Bristol-Myers Squibb Company (BMY) announced that the U.S. Federal Trade Commission or FTC has accepted the proposed consent order in connection with the pending merger of Bristol-Myers Squibb and Celgene Corpn (CELG), thereby permitting the parties to close the transaction.

On August 26, Amgen agreed to acquire worldwide rights to Otezla (apremilast), the only oral, non-biologic treatment for psoriasis and psoriatic arthritis, and certain related assets and liabilities, from Celgene Corp. for $13.4 billion in cash, or about $11.2 billion, net of the present value of $2.2 billion in anticipated future cash tax benefits.

Bristol-Myers Squibb has now satisfied all regulatory requirements under the merger agreement to complete the acquisition of Celgene and expects to close the transaction on November 20, 2019. Bristol-Myers Squibb also expects the OTEZLA divestiture to be completed promptly following the closing of the merger.
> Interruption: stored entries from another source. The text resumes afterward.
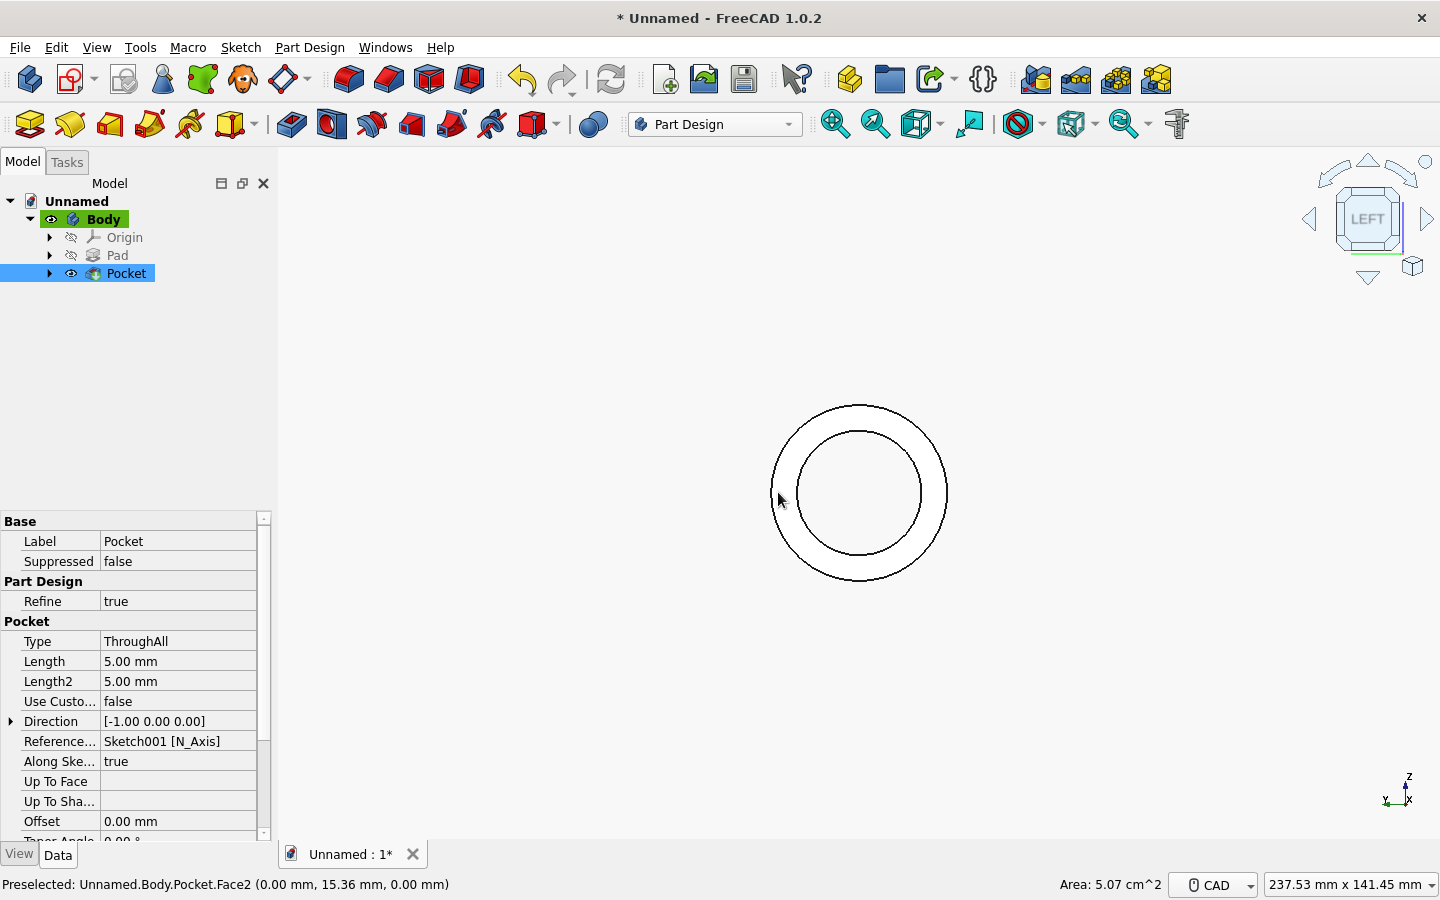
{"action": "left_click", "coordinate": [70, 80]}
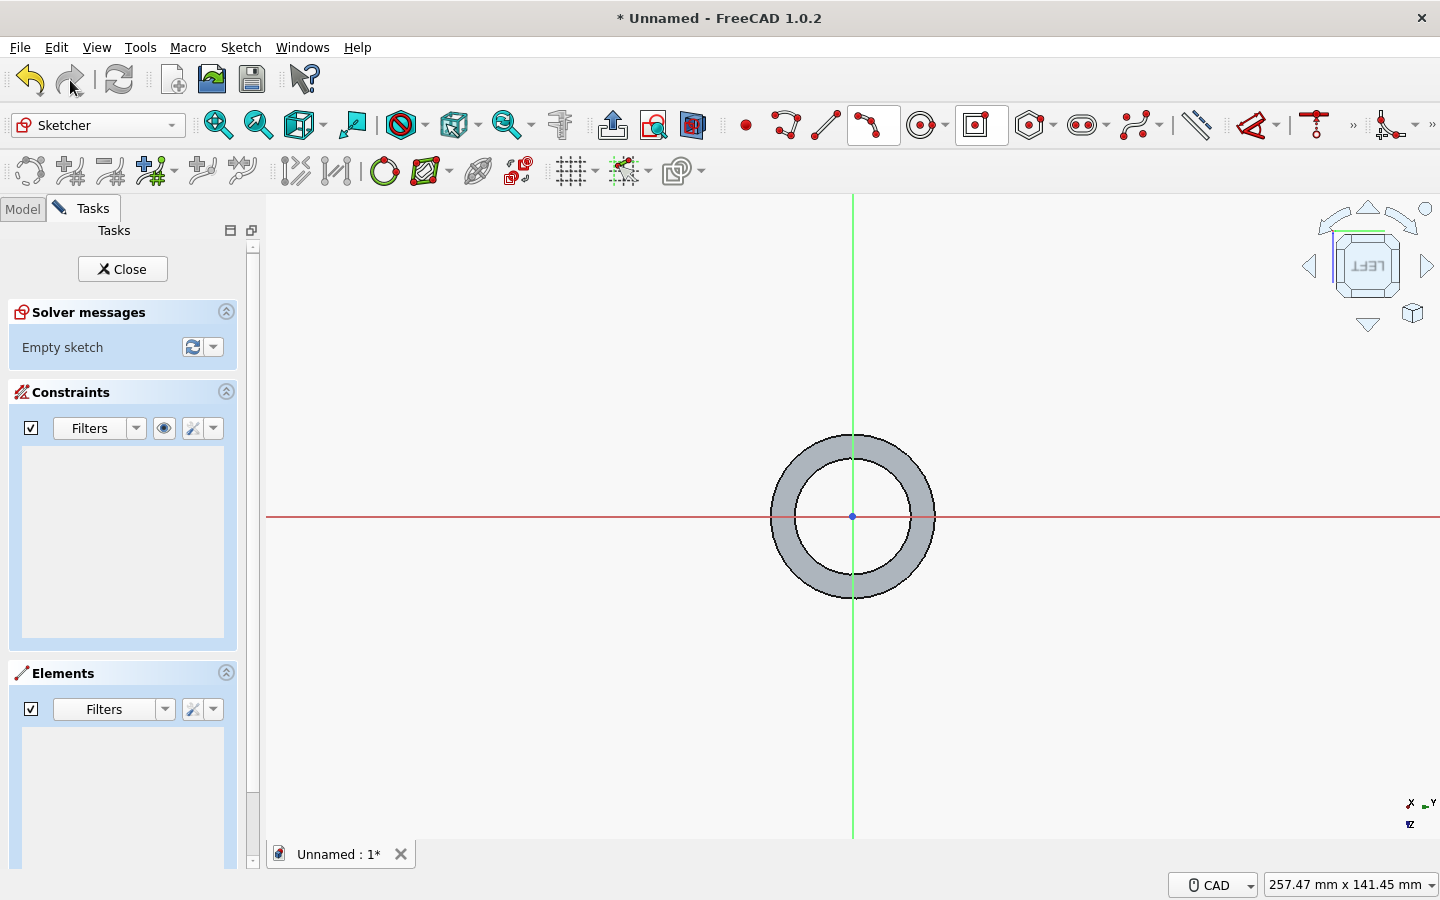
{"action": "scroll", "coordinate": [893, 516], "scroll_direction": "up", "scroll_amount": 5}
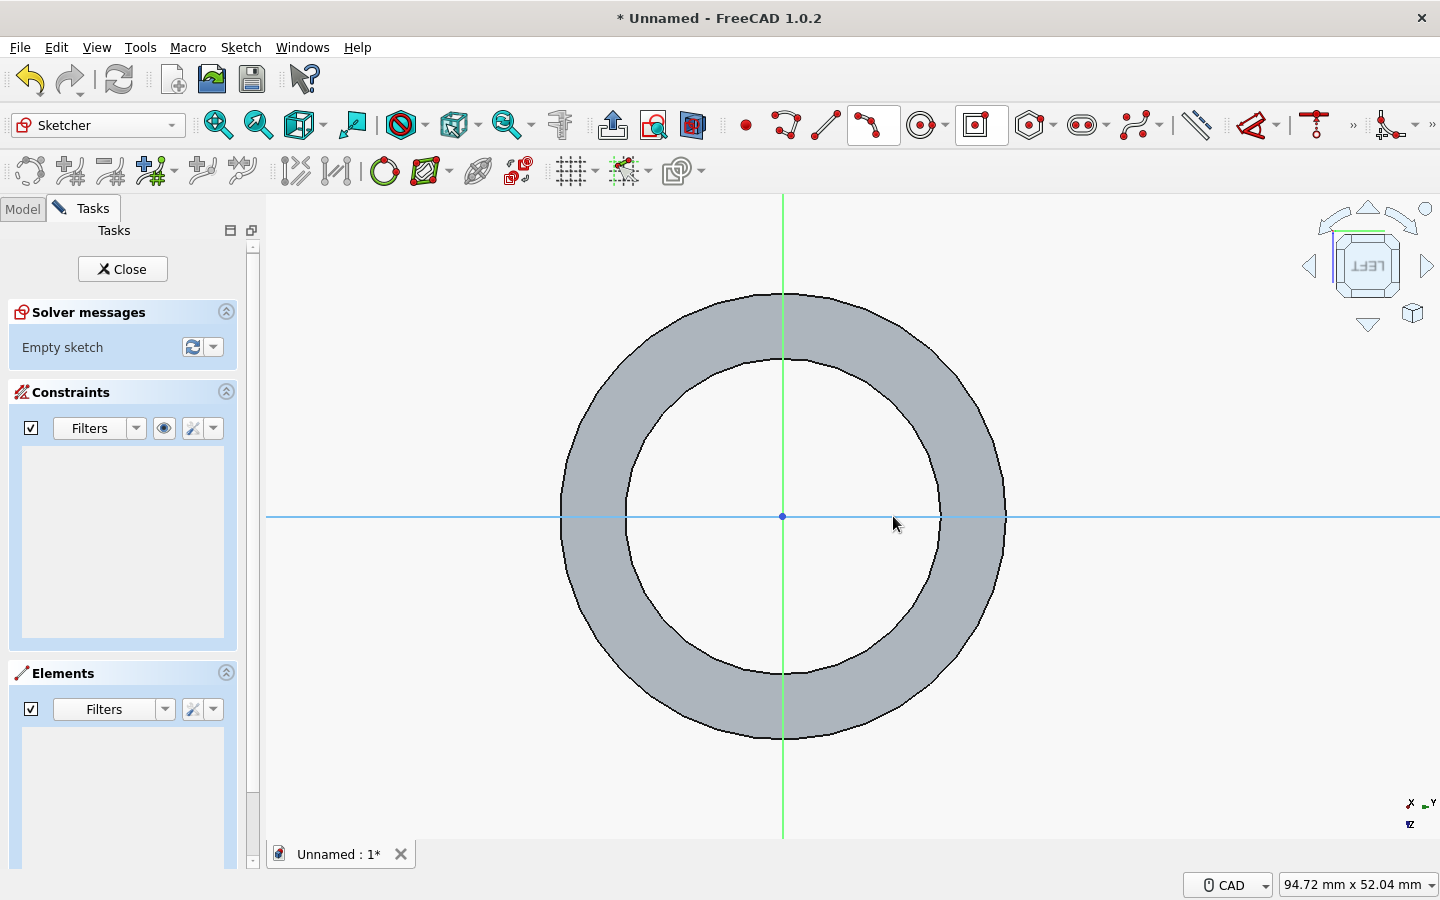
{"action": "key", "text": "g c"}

The proposed divestiture is the largest that the FTC or the U.S. Department of Justice have ever required in a merger enforcement matter, the FTC said in its statement.

"The Commission has ordered BMS to divest Otezla to preserve BMS's incentive to continue developing its own oral product for treating moderate-to-severe psoriasis," FTC Chairman Joseph Simons said in a statement. "The antitrust laws protect not only competition today, but competition in the future, especially when it comes to the development of new treatments for chronic conditions."